Entre rescatistas


Quienes le observábamos teníamos el corazón en vilo oyendo los maullidos desesperados del cachorro y de la gata madre que, rodeándonos, no dejaba de maullar a su cachorro para darle aliento.

Ocurrió un domingo por la mañana, cuando la mayoría de los españoles amanecían en sus destinos vacacionales o introduciendo las maletas en sus vehículos para iniciar un período de descanso merecido.

Había ido a cuidar a los gatos de mi hermana que estaba fuera el fin de semana, y desde el salón de su casa oí cómo, en la calle, unas vecinas se lamentaban por una gata muerta que se hallaba debajo de un coche. Volví a sentir que la vida sigue siendo injusta con los más débiles, con aquellos para los que no existen las vacaciones ni los retiros de descanso. Con agilidad bajé a la calle para averiguar en qué situación se encontraba el animal. 

Enseguida divisé a la responsable de la asociación que atiende a los gatos abandonados de la localidad y me ofrecí a ayudarle. A su lado, dos rescatistas más en acción, porque no solo había una gata aún viva (a pesar de su lamentable estado) agazapado bajo un coche, también había un cachorro en el fondo de una acometida de agua en forma de profundo pozo, separando a ambas víctimas tan solo unos metros. 

Mientras uno de los rescatistas se encontraba ideando el medio de sacar al gato del pozo, nos dirigimos a la siamesa que, aún viva, nos miraba asustada en el pequeño espacio que proporcionan los bajos de un vehículo a la vez que, con una maestría que solo las ganas de salvar una vida proporcionan, la responsable la rescataba a pesar de la resistencia que el animal mostraba en un cuerpo en el que  el deterioro por alguna enfermedad era evidente, y en un rostro en el que el dolor era el protagonista.

Con la siamesa segura en un trasportín, nos acercamos al pozo donde el segundo rescatista estaba intentando coger, con una imitación de sacadera de pesca que había comprado en el chino del barrio y a la que había amarrado un palo lo suficientemente largo para llegar al fondo del pozo, al cachorro. Apenas en unos centímetros se manejaba iluminando el fondo con una linterna y el utensilio de rescate que acababa de construir. Quienes le observábamos teníamos el corazón en vilo oyendo los maullidos desesperados del cachorro y de la gata madre que, rodeándonos, no dejaba de maullar a su cachorro para darle aliento. Cuando menos lo esperábamos, vimos aparecer un gato mínimo negro empapado de agua entre las redes y maullando desesperado. En un instante estaba a salvo en un segundo transportín. 
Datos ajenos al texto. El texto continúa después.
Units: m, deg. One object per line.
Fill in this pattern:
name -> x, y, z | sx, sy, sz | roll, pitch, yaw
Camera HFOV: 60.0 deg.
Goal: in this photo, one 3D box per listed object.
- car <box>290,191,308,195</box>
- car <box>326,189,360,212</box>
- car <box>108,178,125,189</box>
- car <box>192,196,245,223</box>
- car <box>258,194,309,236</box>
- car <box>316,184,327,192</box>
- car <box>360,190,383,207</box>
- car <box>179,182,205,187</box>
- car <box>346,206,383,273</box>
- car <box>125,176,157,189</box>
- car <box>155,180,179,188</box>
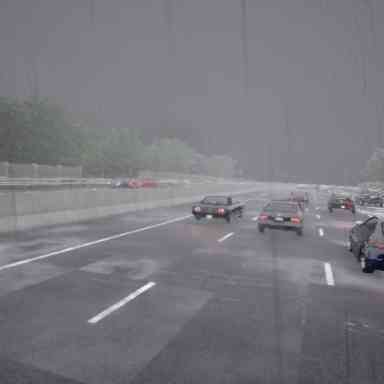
car -> 10.780, 0.557, 33.353 | 1.895, 1.301, 4.718 | 3, 3, 20
car -> 12.137, 0.809, 27.119 | 1.837, 1.490, 4.892 | 3, 3, 20
car -> -10.161, -1.254, 47.869 | 2.097, 1.767, 4.553 | 3, 3, 20
car -> 1.630, 0.852, 18.358 | 1.895, 1.301, 4.718 | 3, 3, 20
car -> 4.289, 1.042, 15.430 | 2.033, 1.411, 5.357 | 3, 3, 20
car -> 29.234, -0.669, 74.300 | 1.812, 1.442, 4.674 | 3, 2, 20
car -> 19.152, 0.536, 35.892 | 2.097, 1.767, 4.553 | 3, 3, 20
car -> 0.340, -0.609, 46.112 | 1.882, 1.535, 5.008 | 3, 3, 20
car -> 5.753, 1.382, 9.504 | 1.994, 1.385, 4.181 | 3, 3, 20
car -> -6.737, -1.204, 47.057 | 2.150, 2.045, 5.566 | 3, 3, 20
car -> -2.974, -0.677, 47.244 | 1.895, 1.301, 4.718 | 3, 3, 20

Los vecinos que habían avisado de ambos casos estuvieron a nuestro lado proporcionando ideas y material para el rescate, mostrando su respeto hacia las personas que se estaban ocupando de tal hazaña. Me resultó extraño no oír descalificaciones e insultos por dedicar nuestro tiempo a los animales. Más extraña aún fue la sensación cuando nos agradecieron el habernos ocupado de ellos.

Ese momento, en esa localidad, era tan solo el reflejo de lo que ocurre cada día en cualquier lugar de España, y en cualquier sitio del mundo. Se llama compasión y empatía, que aunque resulte extraño no sentirlo, su ausencia se vislumbra en demasiadas ocasiones con el trato que en este país se da a los animales.
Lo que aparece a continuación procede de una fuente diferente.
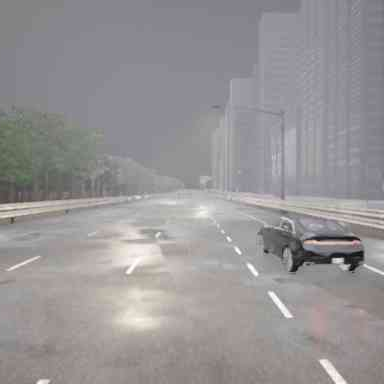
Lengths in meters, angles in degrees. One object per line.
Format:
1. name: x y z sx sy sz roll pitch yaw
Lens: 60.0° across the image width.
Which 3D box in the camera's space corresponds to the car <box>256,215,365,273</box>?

Contemplar que puedes mitigar el dolor del prójimo y cambiar la vida de otro ser vivo por dedicarle tan solo un momento es una sensación irrepetible. Y vivirlo rodeada de otros rescatistas me hace sentirme orgullosa de formar parte de un movimiento en el que el respeto y la dignificación de la vida y la muerte de los animales en este país es su máxima.

El destino de ambos gatos no es relevante en estas líneas, lo importante fue la acción que llevó a su rescate. Una actuación que implicaba no dejar morir a un ser vivo que, aparentemente muerto, estaba sufriendo y lo que conllevaba no dejar agonizar a un cachorro en un pozo frío y lúgubre. En ambos casos, su muerte significaba interminables horas de agonía. Lo importante fue tener el poder de evitarlo y llevarlo a cabo.